- **Task directions**: Each line of the data below goes into the copy exactly; pictures do not.

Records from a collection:
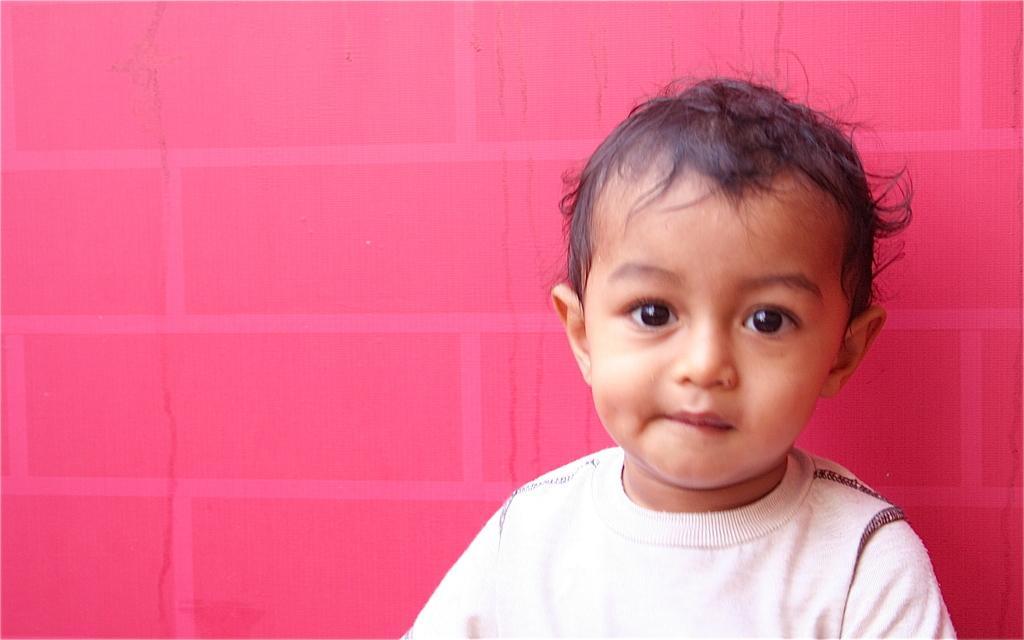In one or two sentences, can you explain what this image depicts? In this picture there is a boy who is wearing white t-shirt. At the back there is a red wall. 
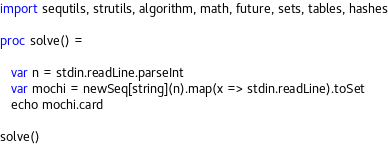Convert code to text. <code><loc_0><loc_0><loc_500><loc_500><_Nim_>import sequtils, strutils, algorithm, math, future, sets, tables, hashes

proc solve() =
   
   var n = stdin.readLine.parseInt
   var mochi = newSeq[string](n).map(x => stdin.readLine).toSet
   echo mochi.card

solve()</code> 
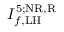Convert formula to latex. <formula><loc_0><loc_0><loc_500><loc_500>I _ { f , L H } ^ { 5 ; N R , R }</formula> 
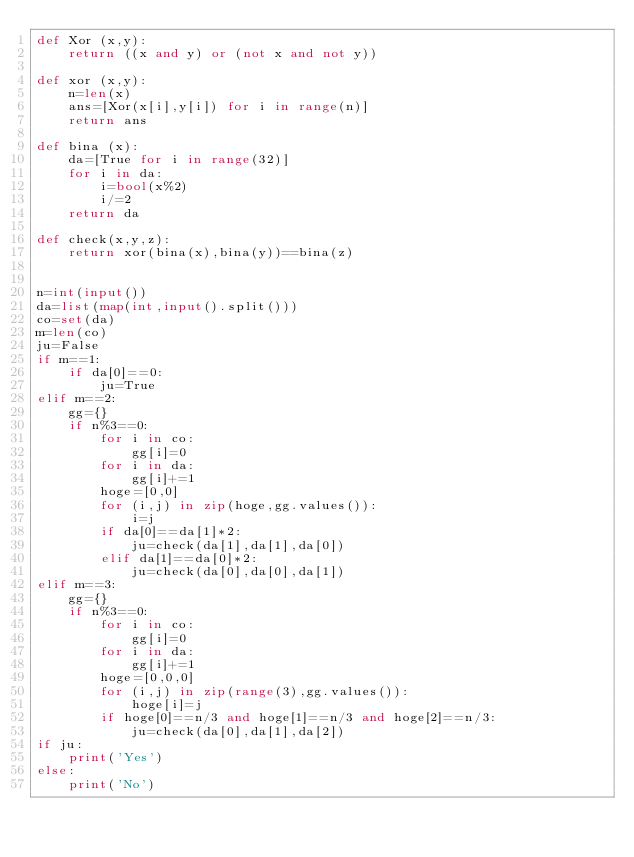Convert code to text. <code><loc_0><loc_0><loc_500><loc_500><_Python_>def Xor (x,y):
    return ((x and y) or (not x and not y))

def xor (x,y):
    n=len(x)
    ans=[Xor(x[i],y[i]) for i in range(n)]
    return ans

def bina (x):
    da=[True for i in range(32)]
    for i in da:
        i=bool(x%2)
        i/=2
    return da

def check(x,y,z):
    return xor(bina(x),bina(y))==bina(z)


n=int(input())
da=list(map(int,input().split()))
co=set(da)
m=len(co)
ju=False
if m==1:
    if da[0]==0:
        ju=True
elif m==2:
    gg={}
    if n%3==0:
        for i in co:
            gg[i]=0
        for i in da:
            gg[i]+=1
        hoge=[0,0]
        for (i,j) in zip(hoge,gg.values()):
            i=j
        if da[0]==da[1]*2:
            ju=check(da[1],da[1],da[0])
        elif da[1]==da[0]*2:
            ju=check(da[0],da[0],da[1])
elif m==3:
    gg={}
    if n%3==0:
        for i in co:
            gg[i]=0
        for i in da:
            gg[i]+=1
        hoge=[0,0,0]
        for (i,j) in zip(range(3),gg.values()):
            hoge[i]=j
        if hoge[0]==n/3 and hoge[1]==n/3 and hoge[2]==n/3:
            ju=check(da[0],da[1],da[2])
if ju:
    print('Yes')
else:
    print('No')</code> 
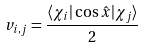<formula> <loc_0><loc_0><loc_500><loc_500>v _ { i , j } = \frac { \langle \chi _ { i } | \cos \hat { x } | \chi _ { j } \rangle } { 2 }</formula>

- **Solution to the exercise**:
In one or two sentences, can you explain what this image depicts? In this picture there is a boy who is wearing white t-shirt. At the back there is a red wall. 
Convert code to text. <code><loc_0><loc_0><loc_500><loc_500><_Nim_>import sequtils, strutils, algorithm, math, future, sets, tables, hashes

proc solve() =
   
   var n = stdin.readLine.parseInt
   var mochi = newSeq[string](n).map(x => stdin.readLine).toSet
   echo mochi.card

solve()</code> 
Convert formula to latex. <formula><loc_0><loc_0><loc_500><loc_500>I _ { f , L H } ^ { 5 ; N R , R }</formula> 
Convert code to text. <code><loc_0><loc_0><loc_500><loc_500><_Python_>def Xor (x,y):
    return ((x and y) or (not x and not y))

def xor (x,y):
    n=len(x)
    ans=[Xor(x[i],y[i]) for i in range(n)]
    return ans

def bina (x):
    da=[True for i in range(32)]
    for i in da:
        i=bool(x%2)
        i/=2
    return da

def check(x,y,z):
    return xor(bina(x),bina(y))==bina(z)


n=int(input())
da=list(map(int,input().split()))
co=set(da)
m=len(co)
ju=False
if m==1:
    if da[0]==0:
        ju=True
elif m==2:
    gg={}
    if n%3==0:
        for i in co:
            gg[i]=0
        for i in da:
            gg[i]+=1
        hoge=[0,0]
        for (i,j) in zip(hoge,gg.values()):
            i=j
        if da[0]==da[1]*2:
            ju=check(da[1],da[1],da[0])
        elif da[1]==da[0]*2:
            ju=check(da[0],da[0],da[1])
elif m==3:
    gg={}
    if n%3==0:
        for i in co:
            gg[i]=0
        for i in da:
            gg[i]+=1
        hoge=[0,0,0]
        for (i,j) in zip(range(3),gg.values()):
            hoge[i]=j
        if hoge[0]==n/3 and hoge[1]==n/3 and hoge[2]==n/3:
            ju=check(da[0],da[1],da[2])
if ju:
    print('Yes')
else:
    print('No')</code> 
<formula> <loc_0><loc_0><loc_500><loc_500>v _ { i , j } = \frac { \langle \chi _ { i } | \cos \hat { x } | \chi _ { j } \rangle } { 2 }</formula>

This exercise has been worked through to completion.